KimberleyClark · 26/04/2025 09:04

huffyhufferson · 23/04/2025 13:52

Aww thank you, @KimberleyClark. It was really difficult to process this news at the time, however, I realised as I got older that I was thankful that they had actually told me at that time. I had accepted this as the years went on, so I knew there was no chance of me being a mum. I hope this makes sense - I feel like I am waffling on!

I understand what you mean. Being told at that age was devastating but on the other hand you were spared years of ever dwindling hope. My very best wishes to you.

OP posts:
huffyhufferson · 26/04/2025 09:12

You are exactly right @KimberleyClark. I was then able to accept this news and just carry on with my life. It must be horrific for a woman who desperately wants to be a mum and tries for years, to then be told 'you can't be a mum'! I just can't imagine how they cope with this. Take care. ❤️

Justkeepingplatesspinning · 11/05/2025 22:50

Similarly to @Alphabet1spaghetti2 I grew up in a community where girls left school at 16, either worked in a shop or did secretarial college then into an office job, then married and had babies.
I rebelled by daring to stay on to 6th form and then uni. As soon as I graduated, I married a nice (turned out to not be that nice!), 10 years older man from the church who my parents had pushed me onto. I assumed babies would happen and didn't really think much more beyond that. I worked full-time, building my career over a few years, no baby appeared. I then had a miscarriage and afterwards was given medical advice to not try for a baby. Cue husband exiting very rapidly to find a breeding mare.
So I don't know if I ever actively wanted a baby back then. I've always worked with children. Friends are starting to get grandchildren. I'm granny age to the kids who live by us so I've adopted them. I wish I'd had a baby but then I'd have had the issue of genetic problems and if I'd passed them on. It takes up A Lot Of Brain Space. I'm glad I didn't put that on some unsuspecting offspring, but at the same time I feel a huge loss and gap in my life that wasn't there 20 years ago.

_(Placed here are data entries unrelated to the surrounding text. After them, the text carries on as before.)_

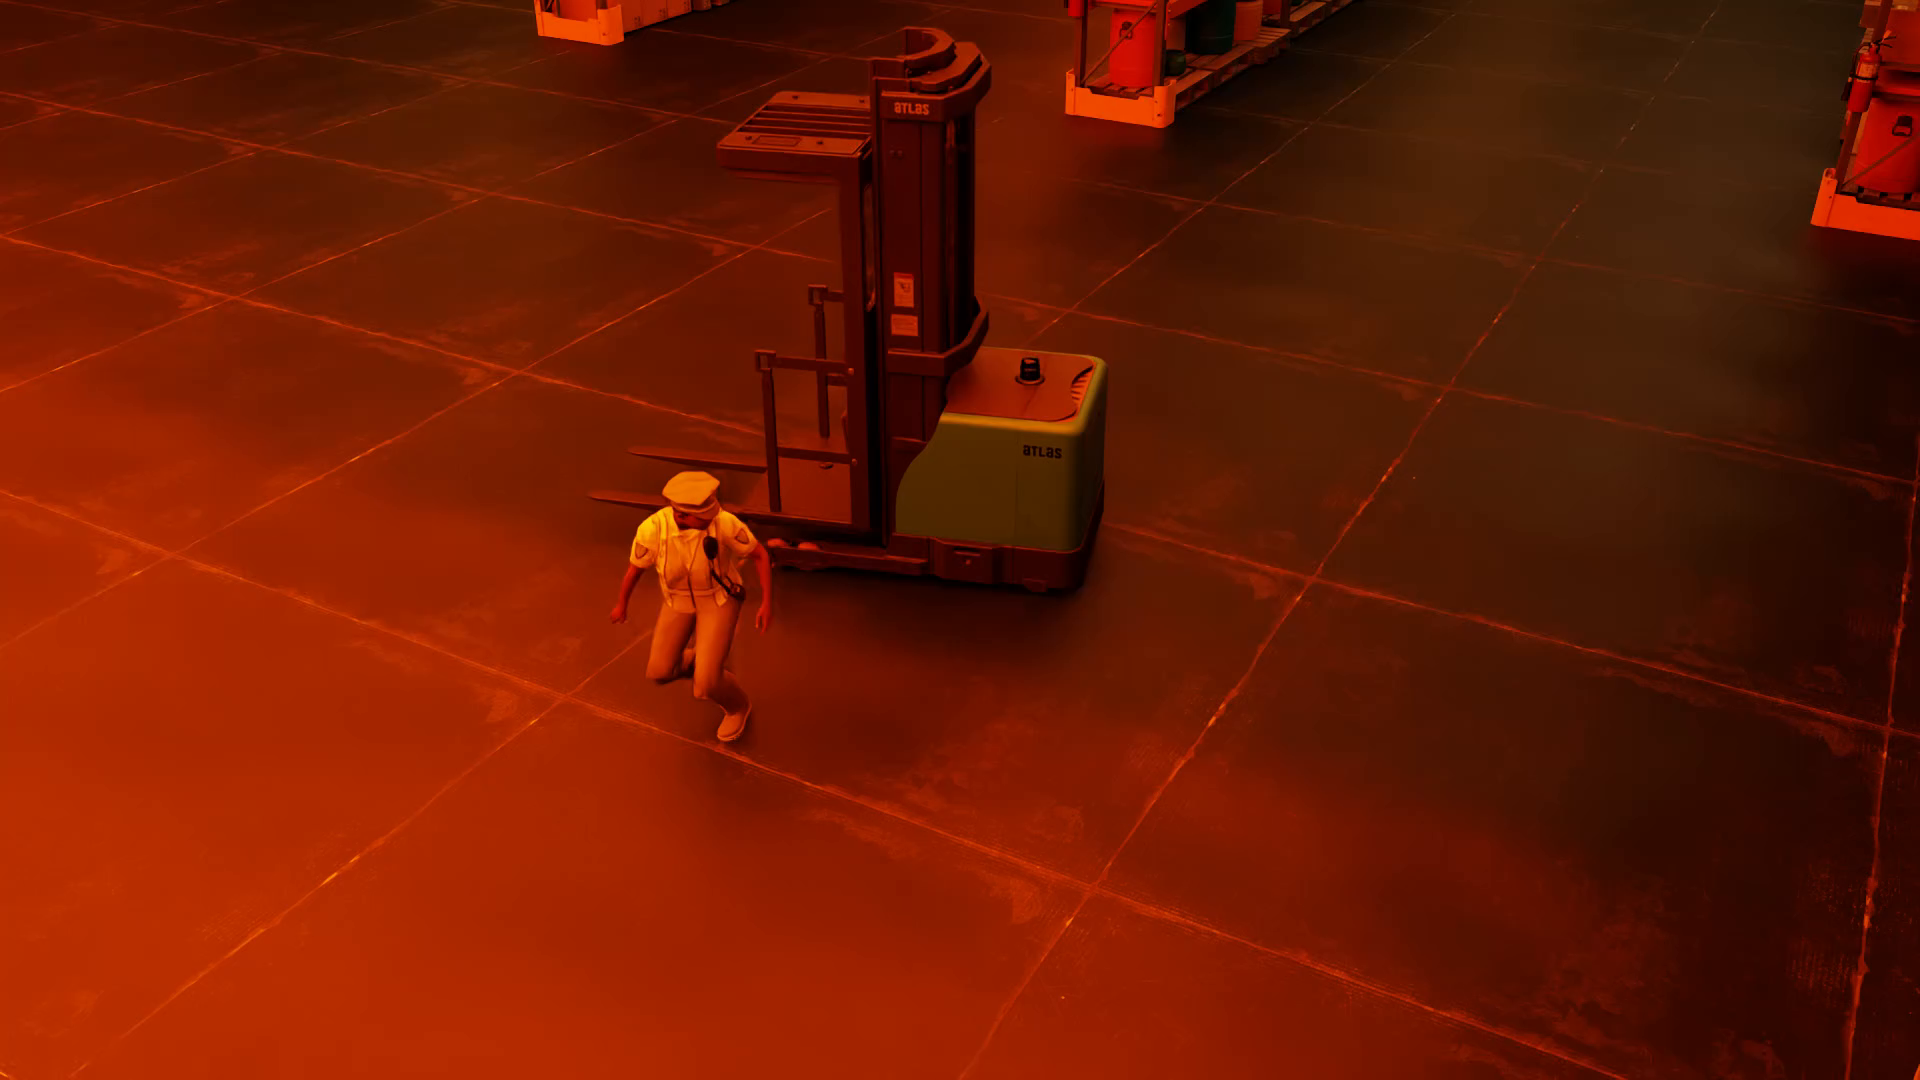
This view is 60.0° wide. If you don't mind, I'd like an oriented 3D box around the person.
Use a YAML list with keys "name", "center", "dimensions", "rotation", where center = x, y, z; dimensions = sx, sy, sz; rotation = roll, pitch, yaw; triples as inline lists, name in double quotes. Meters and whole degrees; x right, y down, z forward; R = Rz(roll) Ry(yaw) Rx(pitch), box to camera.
- name: "person"
  center: [-1.297, 0.285, 8.076]
  dimensions: [0.833, 1.477, 0.573]
  rotation: [4, 30, 7]

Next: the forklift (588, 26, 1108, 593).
- name: "forklift"
  center: [-0.695, -1.339, 9.390]
  dimensions: [3.031, 2.935, 1.130]
  rotation: [6, 31, 11]
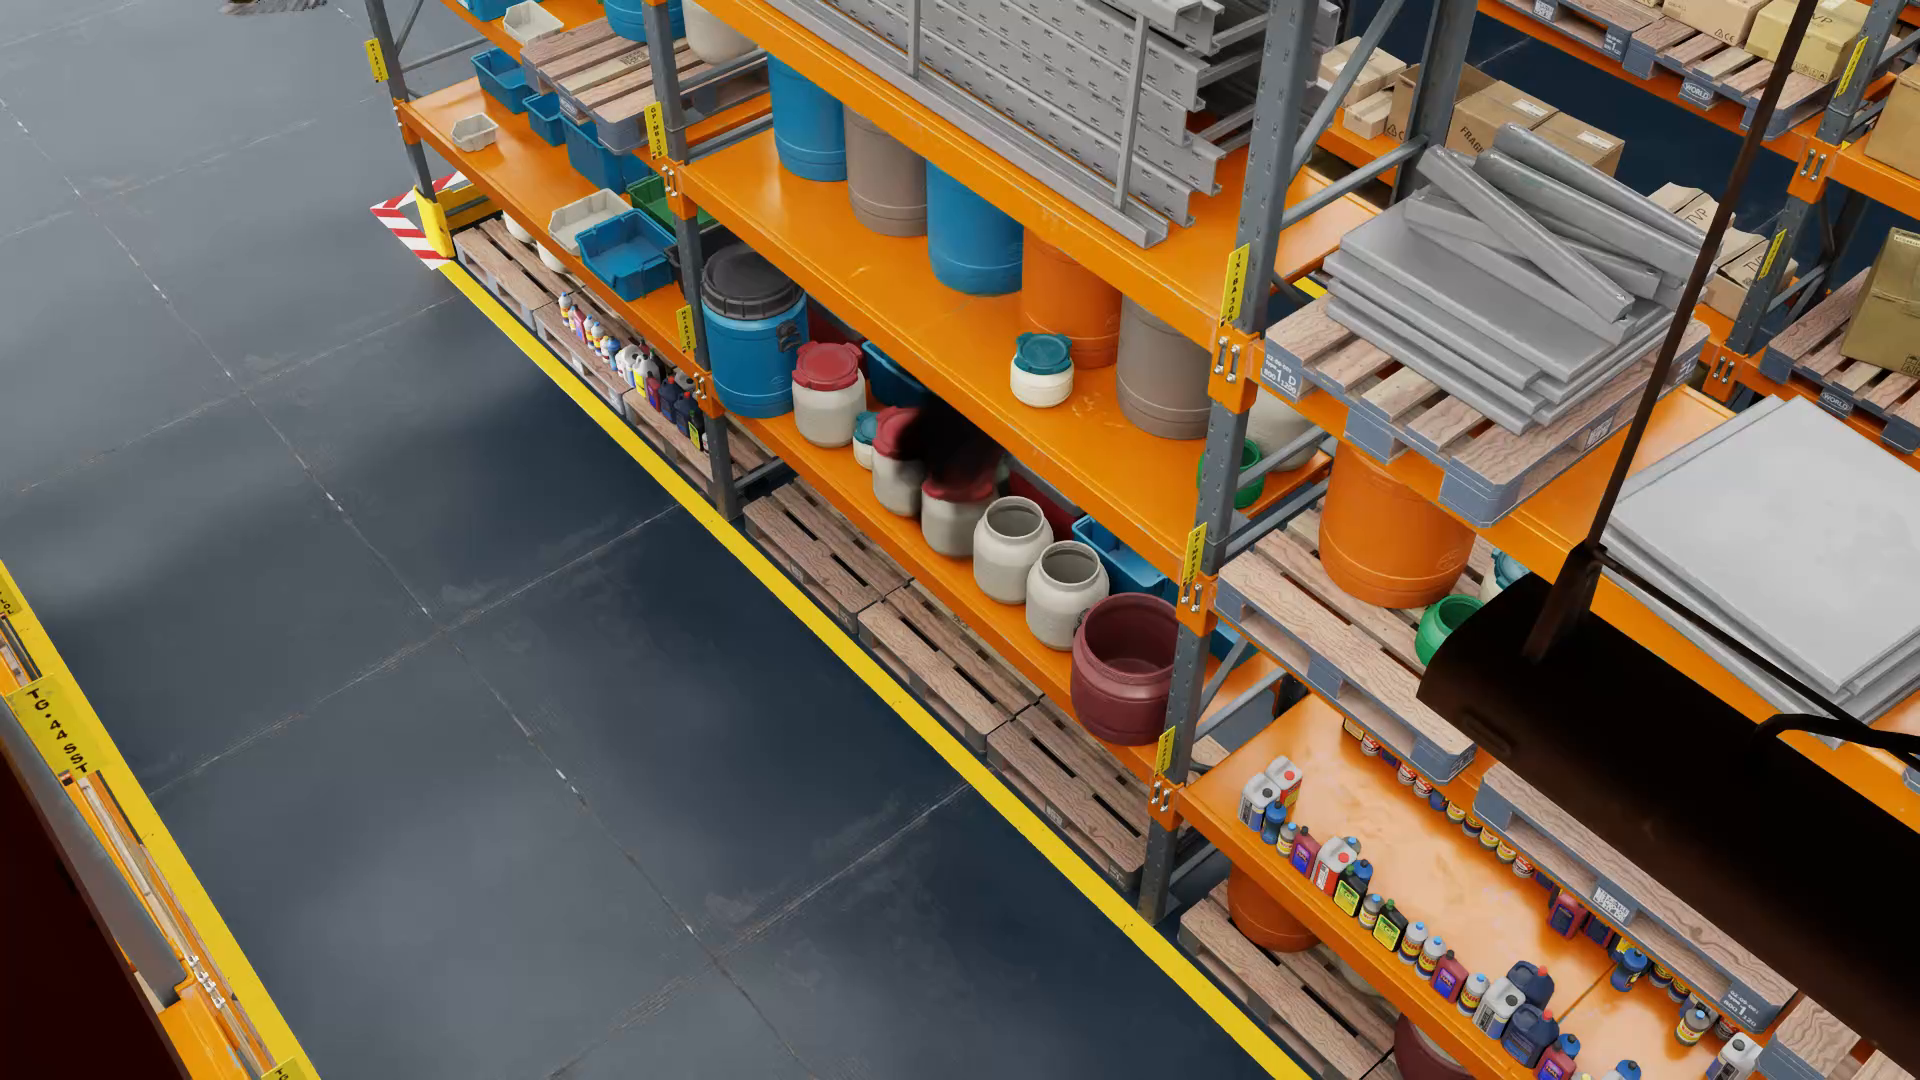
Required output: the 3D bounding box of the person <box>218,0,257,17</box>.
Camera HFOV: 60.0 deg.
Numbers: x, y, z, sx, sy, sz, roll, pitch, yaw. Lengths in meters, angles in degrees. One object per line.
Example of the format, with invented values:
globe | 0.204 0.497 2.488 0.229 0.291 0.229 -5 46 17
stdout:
person | -6.550 -5.695 15.154 0.949 1.804 0.730 -10 47 -10
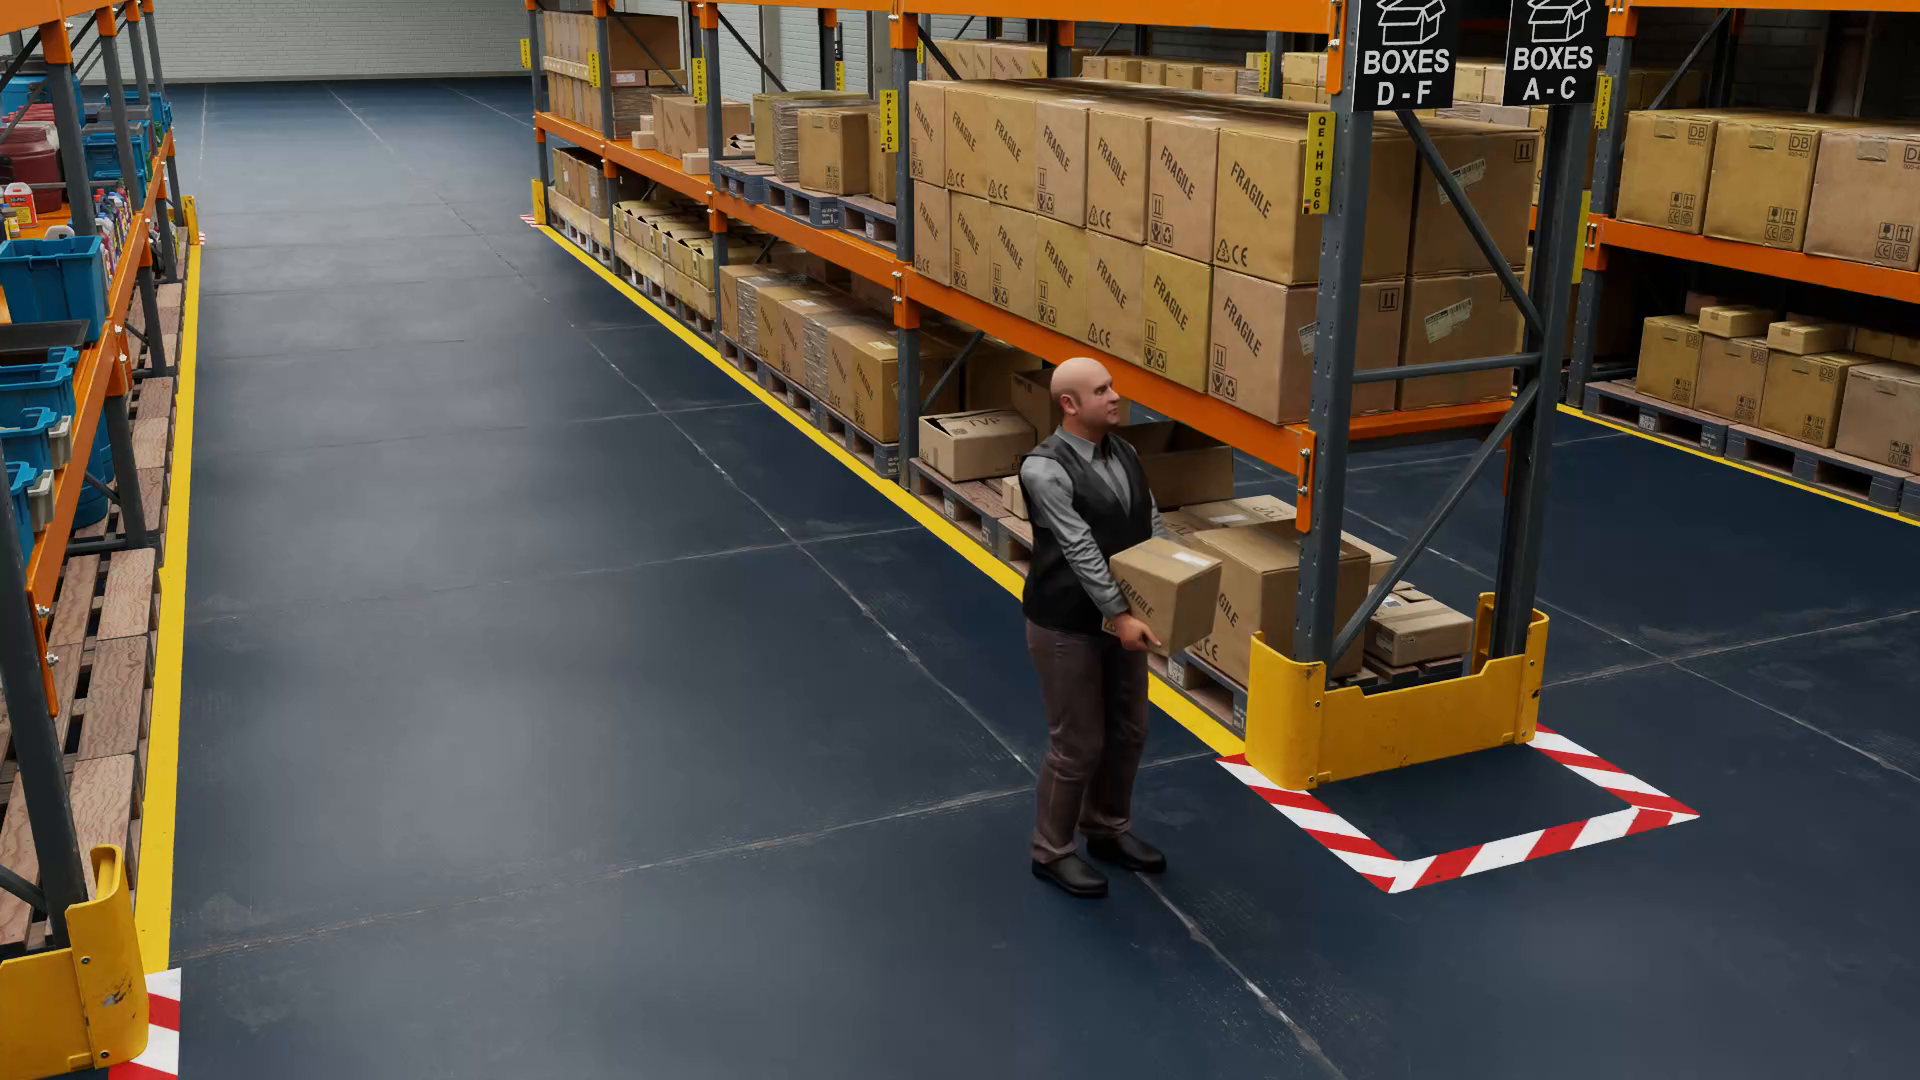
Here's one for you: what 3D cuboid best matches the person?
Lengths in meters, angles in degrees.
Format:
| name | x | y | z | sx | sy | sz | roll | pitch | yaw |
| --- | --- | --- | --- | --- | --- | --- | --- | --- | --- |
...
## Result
| name | x | y | z | sx | sy | sz | roll | pitch | yaw |
| --- | --- | --- | --- | --- | --- | --- | --- | --- | --- |
| person | 0.486 | 0.285 | 5.273 | 0.551 | 1.711 | 0.494 | 15 | 24 | 38 |
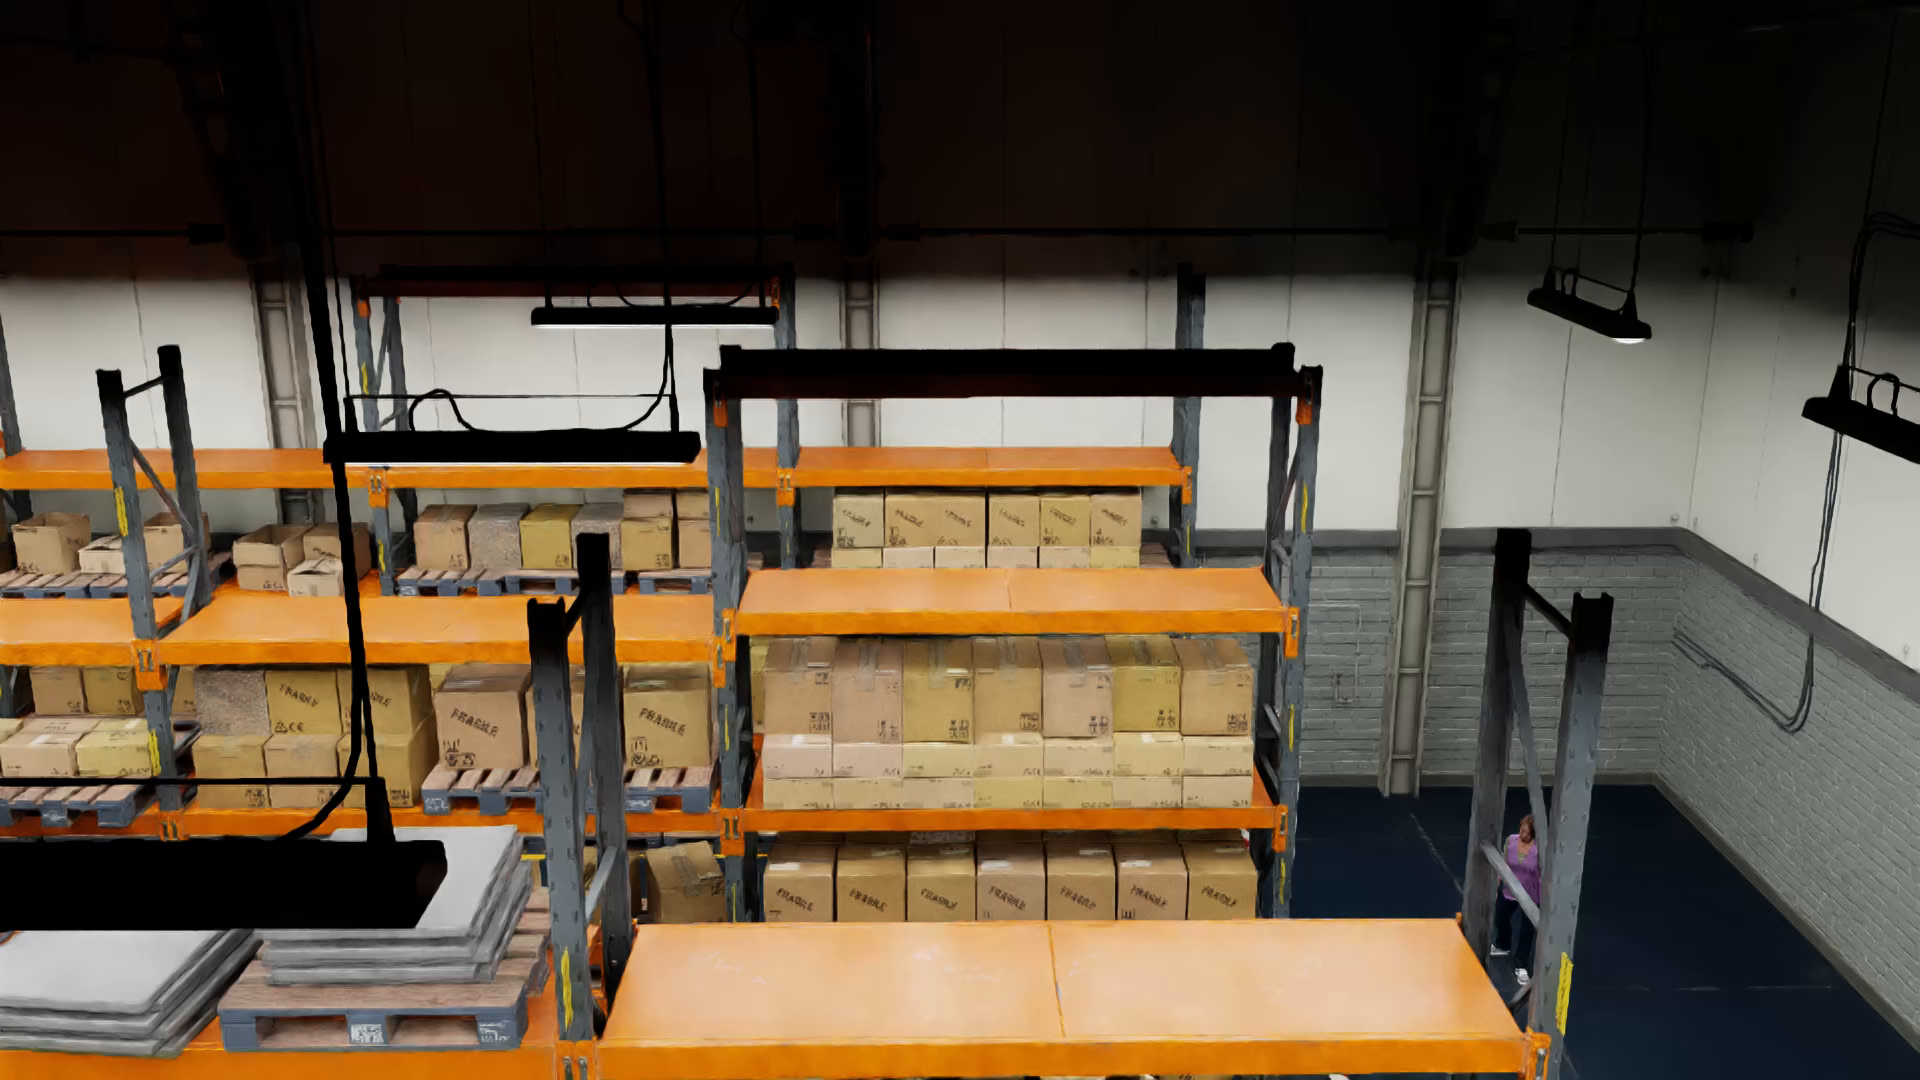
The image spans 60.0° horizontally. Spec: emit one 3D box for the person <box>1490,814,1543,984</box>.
[{"bbox_3d":[4.960,3.148,14.935,0.592,1.591,0.447,13,21,38],"label":"person"}]

Justkeepingplatesspinning · 11/05/2025 22:50

Apologies, that turned into an essay!

ToadRage · 10/06/2025 09:29

All through my teens and twenties I never imagined I wouldn't have kids, i never said 'if' I always said 'when'. Kids were just expected, my whole life was I want to get married and have kids, now it feels like i've stalled cos I'm married but kids aren't going to happen. I know I shouldn't but I can't help blaming my parents. If they had had me tested at 16 when my dad was tested I would have had a chance to put something in place or plan for this but now it's too late. I feel like i've already failed at life and I'm only 38. My husband is amazing and always said he is OK with not having kids.